Target specification bias persists undetected largely due to an overly technical and simplistic conception of accuracy currently prevalent in supervised ML. This ‘label-matching’ conception takes accuracy to strictly track matches (or distances) between predictions and labels. This conception underlies all commonly used accuracy measures in supervised ML, such as precision, recall, area under curve, F1 score, and mean squared error. Such metrics neglect that labels – even reliable and representative – can be poor benchmarks for assessing the accuracy of counterfactual predictions. Yet counterfactual predictions are the kinds of predictions decision-makers typically care about. The upshot is that model accuracy is often overestimated and reported as being higher than the model’s performance in the use cases which decision-makers will employ them for.
How can target specification bias be mitigated?
There is good news: much can be done to mitigate target specification bias. On a conceptual level, alternative conceptions of accuracy are available. Specifically, metrology has a long-standing tradition of thinking about accuracy in counterfactual terms. Metrology, the science of measurement, employs idealized models of instruments, such as clocks and thermometers, and uses such models to evaluate their accuracy. Such models appeal to background causal knowledge to predict the instrument’s indications in the absence of extrinsic influences. The successful standardization and reproducible measurement of physical quantities such as time, length, and mass are largely due to this counterfactual way of thinking about accuracy.
On a practical level, the paper identifies several lessons supervised ML can learn from metrology about evaluating model accuracy and mitigating target specification bias. These insights can be combined with existing methods of causal modeling that reveal counterfactual probabilities in the data and with methods for extracting counterfactual information from ML models and presenting this information to users.
Between the lines
Thinking about model accuracy in more sophisticated and user-oriented ways can be helpful beyond the realm of medicine.
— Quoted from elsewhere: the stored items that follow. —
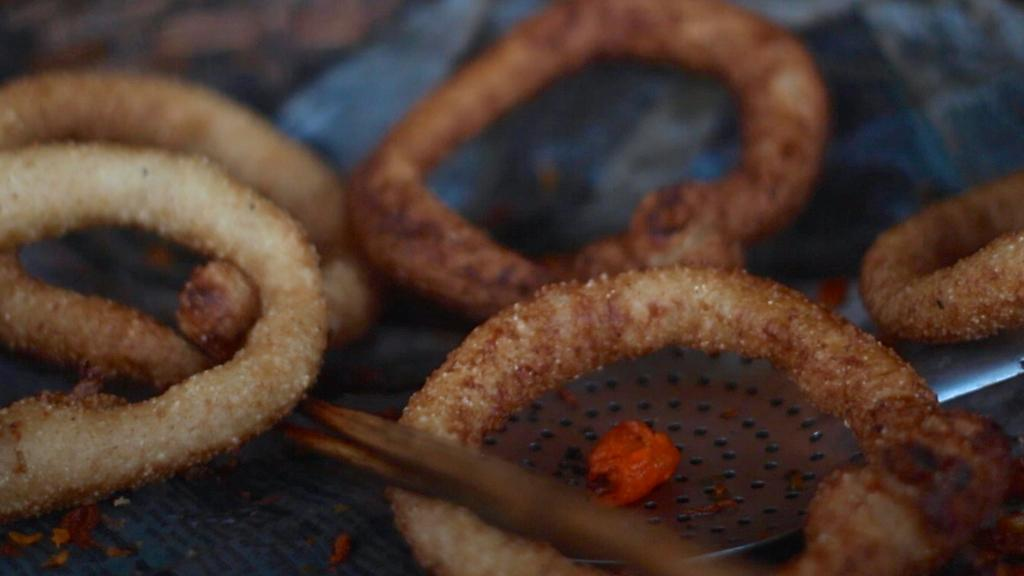What type of items can be seen in the image? There are eatables in the image. What utensil is present in the image? There is a spoon in the image. Can you describe the background of the image? The background of the image is blurred, and there is an object in blue color. What type of celery is being used as a decoration in the image? There is no celery present in the image. Can you tell me how many bones are visible in the image? There are no bones visible in the image. 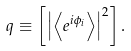<formula> <loc_0><loc_0><loc_500><loc_500>q \equiv \left [ \left | \left \langle e ^ { i \phi _ { i } } \right \rangle \right | ^ { 2 } \right ] .</formula> 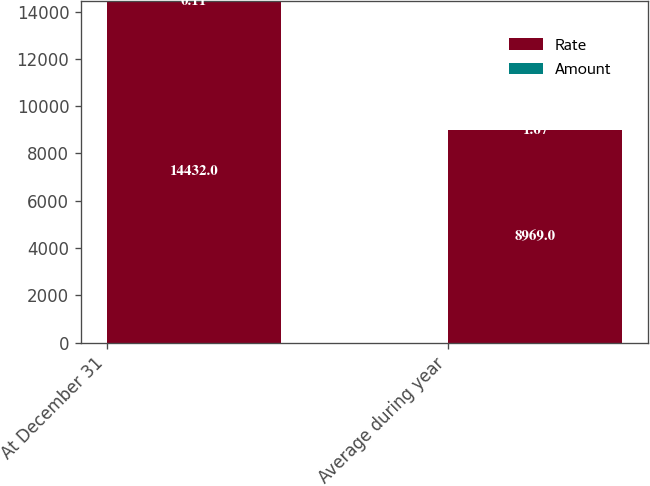<chart> <loc_0><loc_0><loc_500><loc_500><stacked_bar_chart><ecel><fcel>At December 31<fcel>Average during year<nl><fcel>Rate<fcel>14432<fcel>8969<nl><fcel>Amount<fcel>0.11<fcel>1.67<nl></chart> 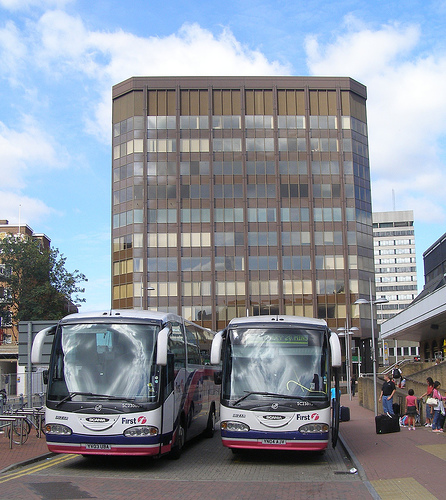Which side are the people on? The people are predominantly on the right side of the image, standing near the buses. 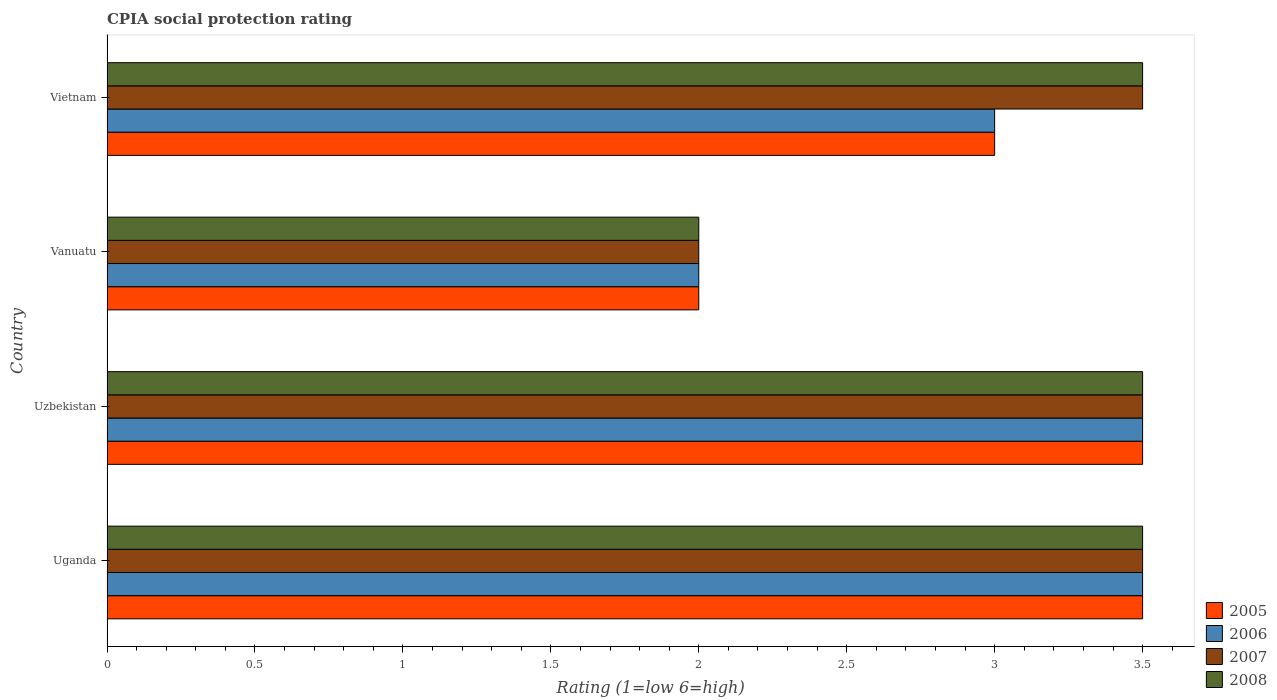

Such a shift would mark an important step in the maturity of the ML discipline as a whole, from its current exploratory stage toward producing a body of reliable, reproducible evidence for science and policy. A precondition for this sort of shift is a clearer distinction between the internal and external validity of supervised ML models. Internal validation procedures, such as testing models for under- or over-fitting training data, are considered sufficient for evaluating a model’s performance. The degree of fit between predictions and data is called ‘accuracy’ and is reported to users as such. This practice neglects external validation procedures, which are required to test model performance in the ‘wild,’ in light of the tool’s intended purpose, typical use cases, typical input data, and its reception by stakeholders.
Accuracy, as reported to users as a criterion of overall model performance, is an external validity criterion. It needs to be evaluated relative to users’ specifications and meet reproducibility requirements. Further work is needed to develop a framework for evaluating ML model accuracy in the ‘wild’ and reporting it to users in a manner most relevant to their values and goals.